How-To: Web Server On A Business Card (Part 1)

For years, Microchip PIC microcontrollers dominated; PIC16F84 hacks and projects are everywhere. The 8-bit 16F and 18F lines are supported by several coding environments and easy-to-build serial port programmers. Microchip’s 16-bit PIC24F is cheaper, faster, and easier to work with, but largely absent from hacks and projects.

We recently used a Microchip PIC24F microcontroller in a mini web server project, but didn’t find many introductory references to link to. In this article we’ll cover some PIC 24F basics: support circuitry and programming options. We’ll also talk about our favorite features, and how we figured them out. Our next article will outline a web server on a business card based on the PIC 24F.

The basic circuit

This is the basic support circuit (full size .png) for a PIC 24FJ64GA002. Some helpful documents are the code examples, application notes, individual datasheets, and 24F family manual.

Main system power supply

Peripherals and pins on the 24F PICs operate between 2.0 and 3.8volts. This is a big advantage over older PICs because the 24F can directly interface modern 3.3volt components like SD memory cards. Some 16F and 18F PICs will run at 3.3volts, but usually at drastically reduced speeds. As always, put a 0.1uF capacitor between each power pin and ground to decouple the chip from the power supply (C1, C2).

Core power supply

The processor core requires a separate 2.5volt supply. A built-in 2.5volt regulator can be enabled by connecting the DISVREG pin to ground, and placing a 10uF capacitor between the Vcap/VDDCORE pin and ground (C3). We’ve not experienced any problems using a 10uF low ESR electrolytic capacitor, but in the future we’ll use a tantalum capacitor as specified in the datasheet.

Speed and crystal

PIC 24Fs have a max clock speed of 32MHz, and complete one operation every 2 clock cycles for a top speed of 16 million instructions per second (MIPS). Most 24Fs have an internal 8MHz oscillator, but you can also use an external crystal for a more precise timebase. An internal phase lock loop (PLL) can multiply any clock signal by four.

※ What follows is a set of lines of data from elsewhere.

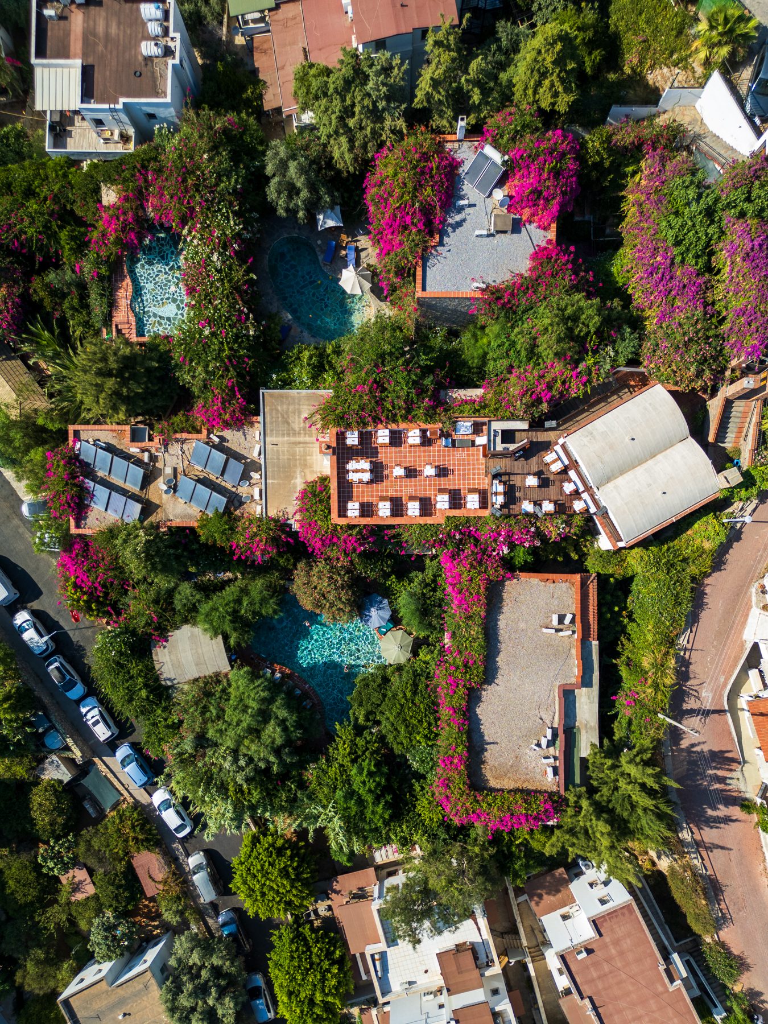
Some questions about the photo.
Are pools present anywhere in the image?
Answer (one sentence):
Yes, the picture does show a pool.
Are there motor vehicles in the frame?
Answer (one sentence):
Yes, a motor vehicle can be made out from above.
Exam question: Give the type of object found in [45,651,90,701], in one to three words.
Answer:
car
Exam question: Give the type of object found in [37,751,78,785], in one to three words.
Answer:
shed
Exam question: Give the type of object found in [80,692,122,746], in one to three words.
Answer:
car
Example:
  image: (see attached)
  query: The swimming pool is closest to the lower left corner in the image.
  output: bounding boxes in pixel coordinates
[243,592,411,741]
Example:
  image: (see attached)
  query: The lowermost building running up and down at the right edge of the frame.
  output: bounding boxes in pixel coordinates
[728,682,768,765]

We used a common option: 8MHz internal oscillator multiplied by four (32MHz), with full IO functions on the external oscillator pins. The clock mode is set with CONFIG2. Use these settings to run a PIC 24F at 32MHz using the internal oscillator and PLL:

// Internal FRC OSC with 4x PLL @ 32MHz
//from p24FJ64GA002.h:
//FNOSC_FRCPLL - internal oscillator
//OSCIOFNC_ON  - enable the oscillator pins as IO
//POSCMOD_NONE - Primary (external) oscillator disabled


Programming connections

Microchip’s standard 5 wire in circuit serial programming (ICSP) connection is used to program the 24F. ICSP consists of a clock line (PGC), bi-directional data line (PGD), master clear and reset (MCLR), and connections to power (V+) and ground (GND).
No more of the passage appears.